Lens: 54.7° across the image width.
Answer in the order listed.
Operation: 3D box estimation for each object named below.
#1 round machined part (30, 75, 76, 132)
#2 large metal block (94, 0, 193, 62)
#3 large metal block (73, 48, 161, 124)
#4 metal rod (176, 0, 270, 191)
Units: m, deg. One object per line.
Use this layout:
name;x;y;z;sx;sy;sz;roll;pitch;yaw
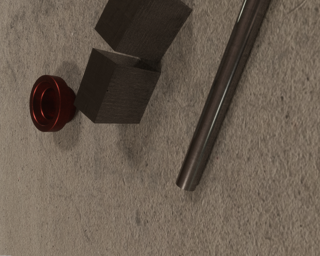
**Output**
round machined part;-0.184;-0.042;0.542;0.098;0.042;0.097;0;90;39
large metal block;-0.020;-0.135;0.384;0.050;0.081;0.080;50;119;28
large metal block;-0.056;-0.053;0.413;0.050;0.081;0.079;37;113;33
metal rod;0.077;-0.066;0.339;0.025;0.025;0.298;30;108;36

------------------------------------------------

Problem description:
Return all of the data exactly as written, and drop the pictures.

Written response:
Lens: 54.7° across the image width.
Answer in the order listed.
Operation: 3D box estimation for each object named below.
#1 round machined part (30, 75, 76, 132)
#2 large metal block (94, 0, 193, 62)
#3 large metal block (73, 48, 161, 124)
#4 metal rod (176, 0, 270, 191)
Units: m, deg. One object per line.
Use this layout:
name;x;y;z;sx;sy;sz;roll;pitch;yaw
**Output**
round machined part;-0.184;-0.042;0.542;0.098;0.042;0.097;0;90;39
large metal block;-0.020;-0.135;0.384;0.050;0.081;0.080;50;119;28
large metal block;-0.056;-0.053;0.413;0.050;0.081;0.079;37;113;33
metal rod;0.077;-0.066;0.339;0.025;0.025;0.298;30;108;36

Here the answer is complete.